# Carolina Skiff J16: Re-powered and Re-rigged



## DuckNut (Apr 3, 2009)

Nice ride Eliot.

I know where your boat is parked in the first pick - fishy area not far away.

A realistic answer to redoing the gelcoat - forget about it. It will be expensive. To get the stains out, but a $3 can of Barkeepers friend and scrub.

Best wishes on your schooling.


----------



## Parrboy (Nov 18, 2012)

That thing looks great bro. Kinda looks like an extreme. Saweet


----------



## 8loco (Feb 12, 2012)

Is that console listed on the customgheenoe.com price list or was it custom?


----------



## GTSRGTSR (Nov 10, 2009)

Thats a great seat and console setup. Love it.


----------



## snookin99 (Apr 13, 2008)

Thanks for all the compliments guys, I appreciate it!



> Is that console listed on the customgheenoe.com price list or was it custom?


Yep this is the "Aluminum CC" on the customgheenoe price list.

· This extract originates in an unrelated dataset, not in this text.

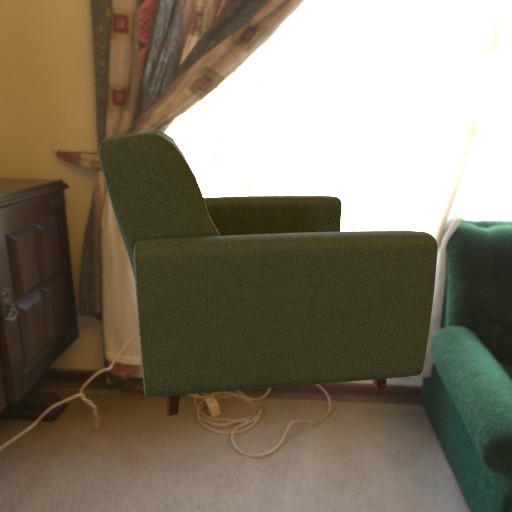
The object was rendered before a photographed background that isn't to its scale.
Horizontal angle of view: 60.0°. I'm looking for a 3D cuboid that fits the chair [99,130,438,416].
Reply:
[{"bbox_3d":[0.000,0.000,1.543,0.909,0.841,0.831,-3,16,-11],"label":"chair"}]

The price they have listed includes cutouts for the controls, gauges, etc, and its cheaper if you buy it without them.


----------



## Rick D (Nov 14, 2011)

I like the extreme setup. I bet the visibility is awesome.


----------



## ctoles86 (Aug 7, 2011)

How does the boat handle around the st marks area? Thanks


----------



## permitchaser (Aug 26, 2013)

Very nice looking boat. 40 mph in a Carolina skiff could be fun in some big chop
Best of luck with it and post some slime shots


----------